Jean-Louis Aumer (21 April 1774 – 6 July 1833), also referred to as Jean-Pierre Aumer, was a French ballet dancer and choreographer.

==Early life and career as a dancer==
Aumer was born in Strasbourg of a manual labourer and non-theatrical parents and received little formal education. At an early age he became a pupil of Jean Dauberval of the Paris Opera Ballet. When Dauberval became maître de ballet in Bordeaux, Aumer went with him. In 1791 when Aumer was still sixteen, he went with Dauberval to London, where he first performed professionally. Believing he was growing too tall to be completely successful as a dancer, he studied Dauberval's choreographic methods and the related fields of music and art as well.

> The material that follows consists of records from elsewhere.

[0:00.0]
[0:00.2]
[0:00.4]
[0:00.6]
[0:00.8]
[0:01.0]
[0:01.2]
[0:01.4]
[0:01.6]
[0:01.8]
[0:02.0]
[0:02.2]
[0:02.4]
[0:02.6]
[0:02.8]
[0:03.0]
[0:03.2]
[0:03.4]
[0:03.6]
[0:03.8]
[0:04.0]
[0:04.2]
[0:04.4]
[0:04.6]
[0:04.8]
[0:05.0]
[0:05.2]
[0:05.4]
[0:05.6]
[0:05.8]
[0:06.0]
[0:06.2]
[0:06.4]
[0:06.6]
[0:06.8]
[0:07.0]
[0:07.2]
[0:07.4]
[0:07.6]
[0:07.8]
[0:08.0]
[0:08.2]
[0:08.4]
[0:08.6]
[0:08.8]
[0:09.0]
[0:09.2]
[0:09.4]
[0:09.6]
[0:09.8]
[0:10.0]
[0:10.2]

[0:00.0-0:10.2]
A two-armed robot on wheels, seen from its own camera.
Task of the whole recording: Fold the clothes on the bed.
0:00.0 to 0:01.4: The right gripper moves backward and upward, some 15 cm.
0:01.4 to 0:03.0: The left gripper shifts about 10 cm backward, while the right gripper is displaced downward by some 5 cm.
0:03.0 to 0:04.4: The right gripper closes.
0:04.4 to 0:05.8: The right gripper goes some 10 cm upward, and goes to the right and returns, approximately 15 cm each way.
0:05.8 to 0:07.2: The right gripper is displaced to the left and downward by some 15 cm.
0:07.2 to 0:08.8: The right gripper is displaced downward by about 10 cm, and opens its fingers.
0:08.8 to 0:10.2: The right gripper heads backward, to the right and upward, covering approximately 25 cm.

He was engaged as a dancer with the Paris company in 1797 and made his debut there on 15 May 1798 in the "action ballet" Le déserteur, with choreography by Maximilien Gardel and music by Ernest-Louis Müller. At the Paris Opera he was never to rise above the modest level of double, although due to his height he was useful as a mime.

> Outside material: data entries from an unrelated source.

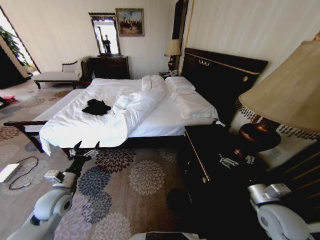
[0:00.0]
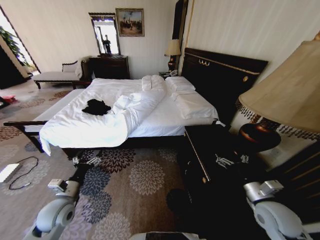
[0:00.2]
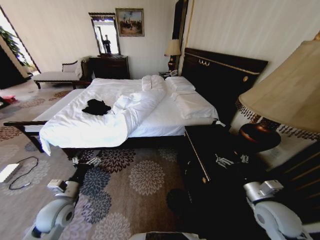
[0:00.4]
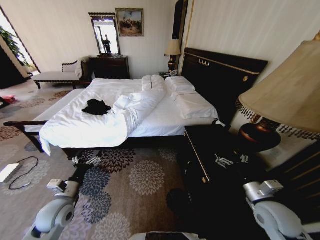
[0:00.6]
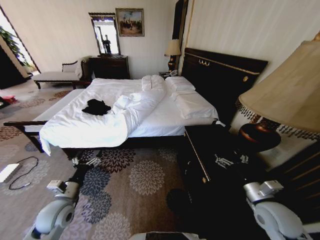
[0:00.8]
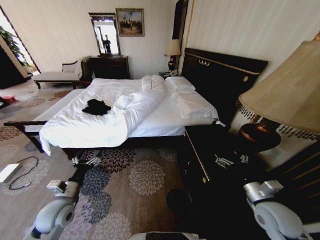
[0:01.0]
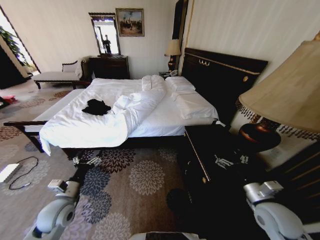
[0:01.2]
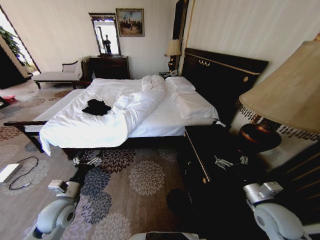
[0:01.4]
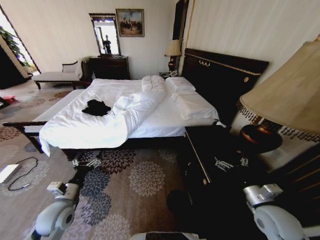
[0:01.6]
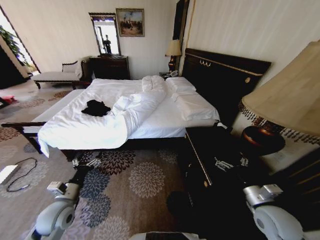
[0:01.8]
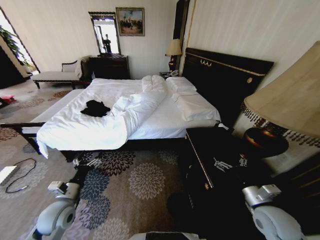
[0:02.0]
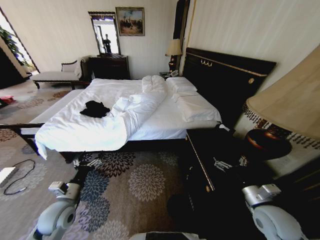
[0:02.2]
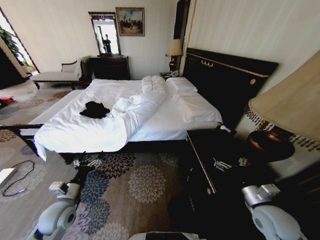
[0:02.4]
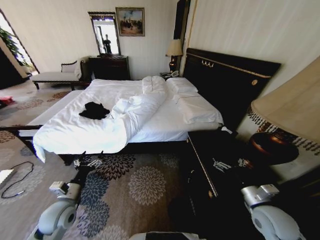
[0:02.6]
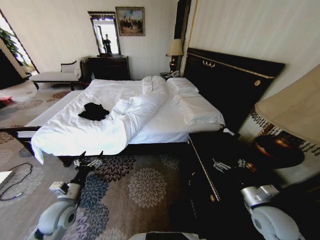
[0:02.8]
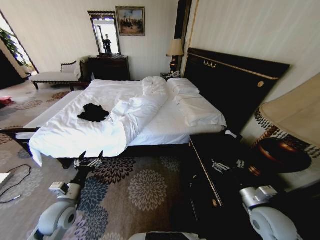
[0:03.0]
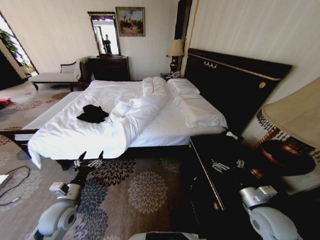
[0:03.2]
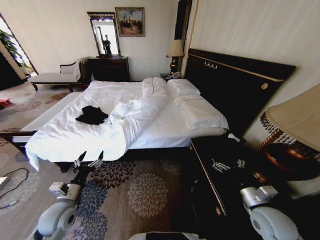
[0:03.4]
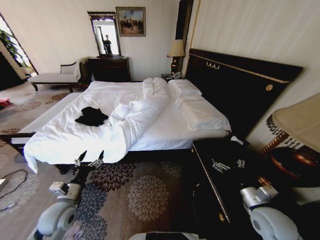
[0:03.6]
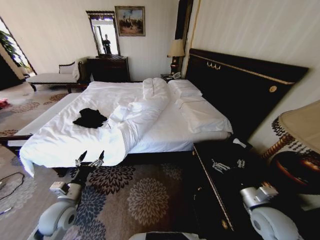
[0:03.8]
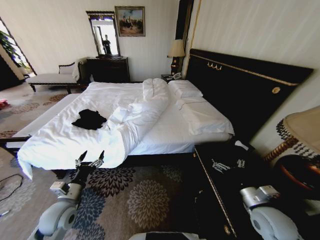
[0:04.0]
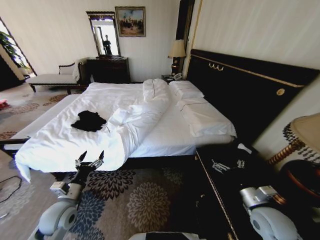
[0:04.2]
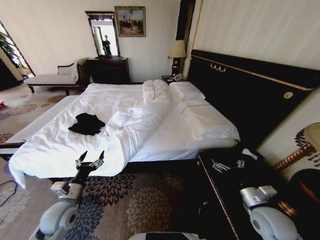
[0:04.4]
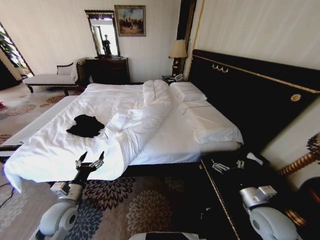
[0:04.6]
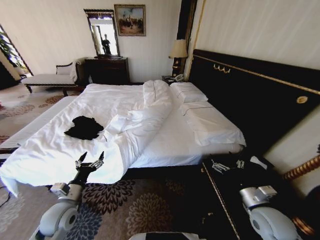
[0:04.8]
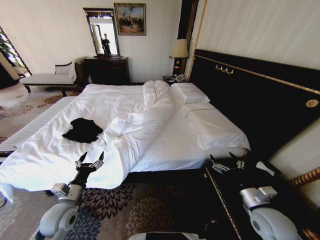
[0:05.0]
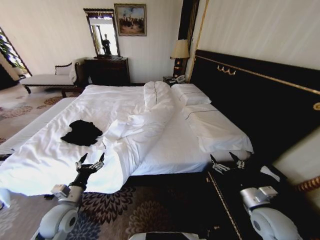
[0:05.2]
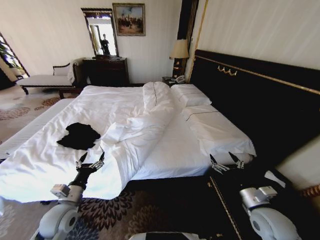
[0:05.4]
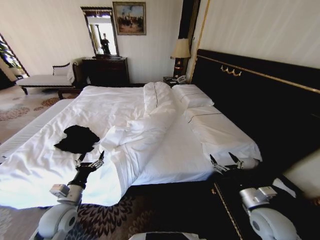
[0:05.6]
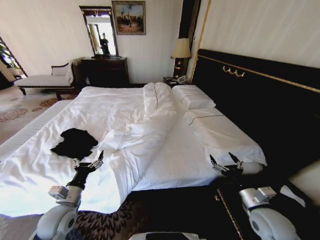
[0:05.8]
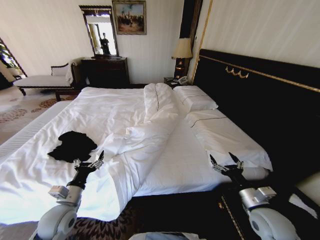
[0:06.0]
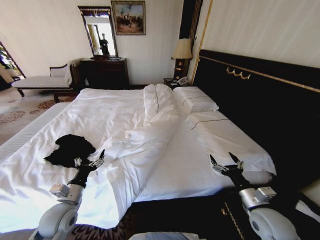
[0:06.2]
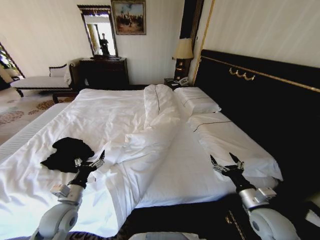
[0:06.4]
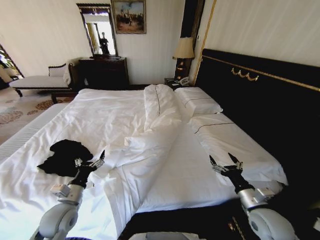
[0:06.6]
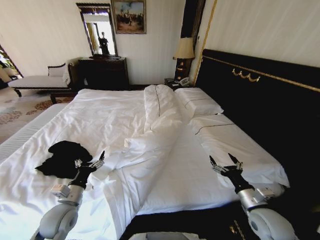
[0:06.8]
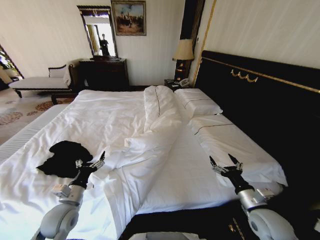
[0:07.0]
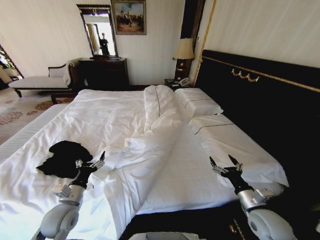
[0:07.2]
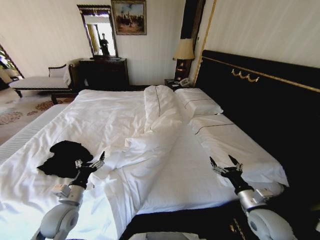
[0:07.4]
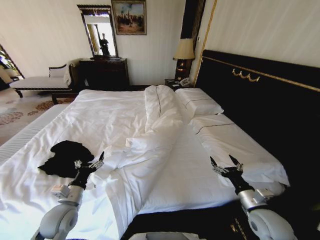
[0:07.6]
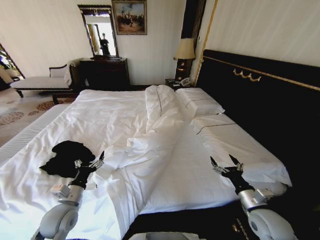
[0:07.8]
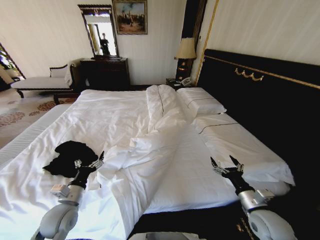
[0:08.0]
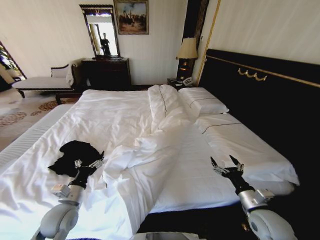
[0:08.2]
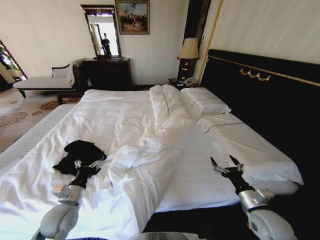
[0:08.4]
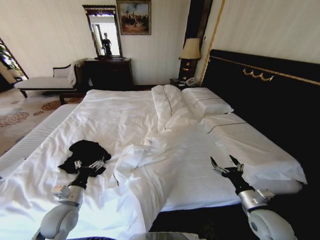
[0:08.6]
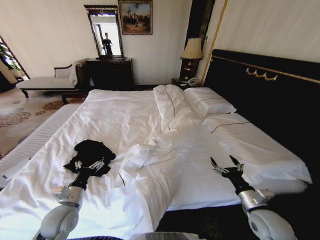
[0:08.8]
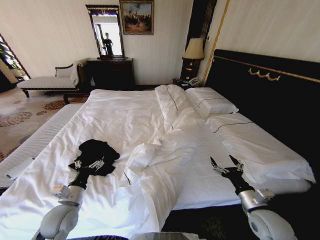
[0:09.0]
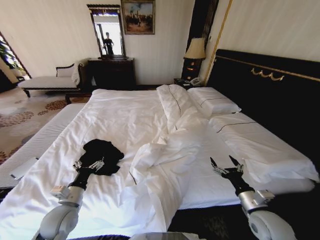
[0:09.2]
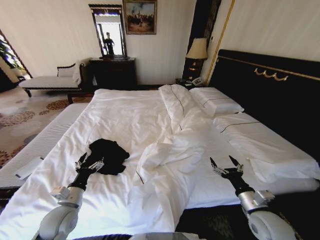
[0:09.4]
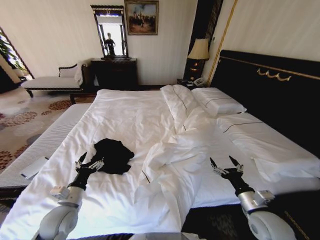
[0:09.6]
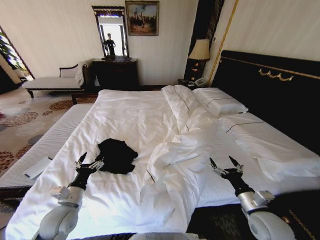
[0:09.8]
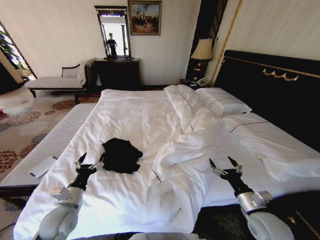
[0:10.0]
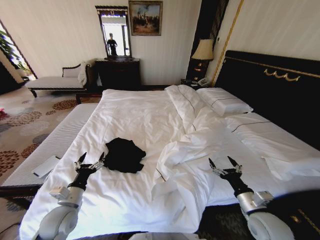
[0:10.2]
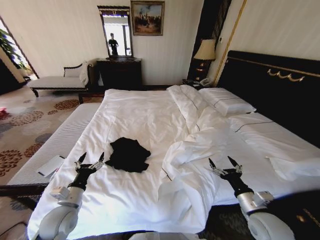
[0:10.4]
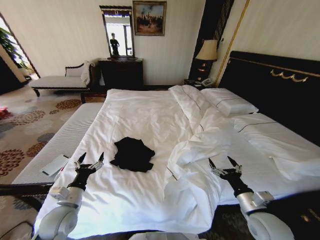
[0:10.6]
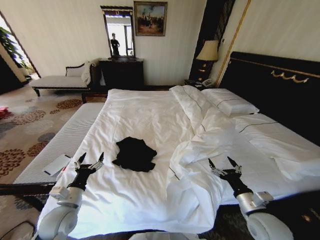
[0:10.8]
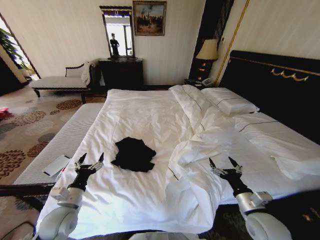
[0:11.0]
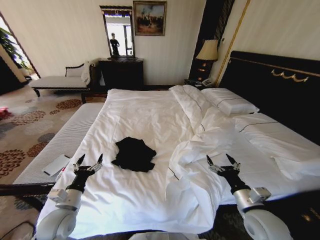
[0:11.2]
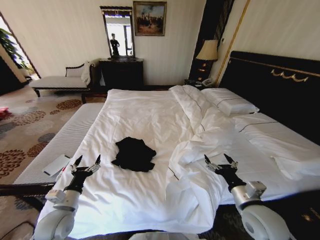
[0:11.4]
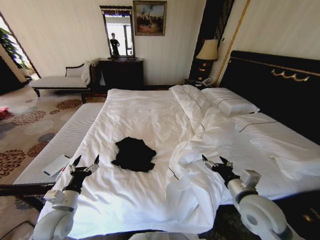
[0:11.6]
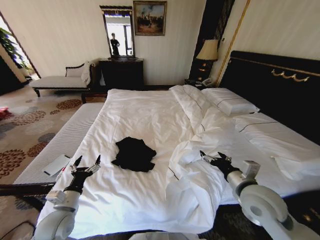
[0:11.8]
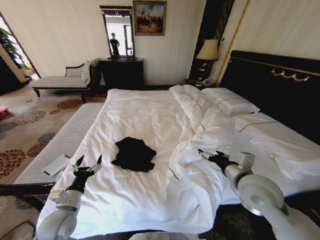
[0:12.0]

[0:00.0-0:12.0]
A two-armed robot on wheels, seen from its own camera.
Task of the whole recording: Fold the clothes on the bed.
0:10.4 to 0:12.0: The right gripper heads upward, forward and to the left, covering some 15 cm.

==Career as a choreographer==
The Paris Opera's maître de ballet Pierre Gardel presented an obstacle which led Aumer to choose the Théâtre de la Porte Saint-Martin as the venue for which to choreograph and produce his early ballets. Faced with the implacable competition from Gardel, Aumer left France for engagements in Kassel (1808–1814) and Vienna (1814–1820). Brief periods in Paris (1821–1822) and London (1824–1825) were followed by his return to the Paris Opera Ballet (1820–1831), where, enriched by the experience of working abroad, he engaged in a profound renovation of the French repertory, capped by his chef-d'œuvre, Manon Lescaut (1830).

Aumer resigned from the Paris Opera in 1831 and died of a stroke in the summer of 1833 in Saint-Martin-de-Boscherville.

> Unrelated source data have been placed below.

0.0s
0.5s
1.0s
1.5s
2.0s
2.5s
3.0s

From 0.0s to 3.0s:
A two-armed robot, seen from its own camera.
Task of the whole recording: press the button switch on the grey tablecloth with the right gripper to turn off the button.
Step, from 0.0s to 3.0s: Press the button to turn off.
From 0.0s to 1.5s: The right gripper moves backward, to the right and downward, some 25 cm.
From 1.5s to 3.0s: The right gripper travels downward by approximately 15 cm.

His daughter Sophie-Julie married the danseur Étienne Leblond around 1826.

== Works ==

- 1804 La Fille mal gardée, after Dauberval (Théâtre de la Porte Saint-Martin)
- 1805 Rosina et Lorenzo (Théâtre de la Porte St-Martin)
- 1805 Robinson Crusoé (Théâtre de la Porte St-Martin)
- 1805 Le Page inconstant, after Dauberval (Théâtre de la Porte St-Martin)
- 1806 Jenny ou le Mariage secret (Théâtre de la Porte St-Martin)
- 1806 Les Deux Créoles (Théâtre de la Porte St-Martin)
- 1808: Les Amours d'Antoine et de Cléopâtre (Opéra de Paris)
- 1814 Zéphire et Flore (Vienna)
- 1814 Louise et Alexis, after Le Déserteur de Dauberval (Vienna)
- 1814 Myrsile et Antéros (Vienna)
- 1815 La Fête de la rose (Vienna)
- 1815 Les Bayadères (Vienna)
- 1816 Les Noces de Thétis et de Pélée (Vienna)
- 1816 Les Deux Tantes (Vienna)
- 1817 Amour et Psyché (Vienna)
- 1817 Érigone ou le Triomphe de Bacchus (Vienna)
- 1818 Le Sommeil enchanté (Vienna)
- 1818 Aline, reine de Golconde (Vienna)
- 1819 Ossian (Vienna)
- 1820 Emma ou le Mariage secret (Vienna)
- 1820 Alfred le Grand (Vienna)
- 1820 Les Pages du duc de Vendôme (Paris Opera Ballet)
- 1821 Jeanne d'Arc (Paris Opera Ballet)
- 1824 Le Songe d'Ossian (London)
- 1825 Cléopâtre, reine d'Égypte (London)
- 1827 Astolphe et Joconde (Paris Opera Ballet)
- 1827 La Somnambule ou L'Arrivée d'un nouveau seigneur (Paris Opera Ballet)
- 1828 Lydie (Paris Opera Ballet)
- 1829 La Belle au bois dormant (Paris Opera Ballet)
- 1830 Manon Lescaut (Paris Opera Ballet)

== Sources ==
- Babsky, Monique (1998). "Aumer, Jean-Louis", vol. 1, pp. 201–203, in International Encyclopedia of Dance (6 volumes), edited by Selma Jeanne Cohen. Oxford: Oxford University Press. ISBN 9780195094626 (hardcover). ISBN 9780195173697 (2004 paperback edition).
- Beaumont, Cyril W. (1938). "Jean Aumer", pp. 44–71, in Complete Book of Ballets. New York: Grosset & Dunlop. Copy at Internet Archive.
- Craine, Debra; Mackrell, Judith (2000). The Oxford Dictionary of Dance. Oxford: Oxford University Press. ISBN 9780198601067.
- Guest, Ivor Forbes (2008). The Romantic Ballet in Paris. Alton, Hampshire: Dance Books. ISBN 9781852731199.
- Pitou, Spire (1985). The Paris Opera: An Encyclopedia of Operas, Ballets, Composers, and Performers. Rococo and Romantic, 1715-1815. Westport, Connecticut: Greenwood Press. ISBN 9780313243943.
- Van Aelbrouck, Jean-Philippe (1994). Dictionnaire des danseurs: Chorégraphes et maîtres de danse à Bruxelles de 1600 à 1830. Liège: Mardaga. ISBN 9782870095768.
- Winter, Marian Hannah (1974). The Pre-Romantic Ballet. London: Pitman. ISBN 9780273003342.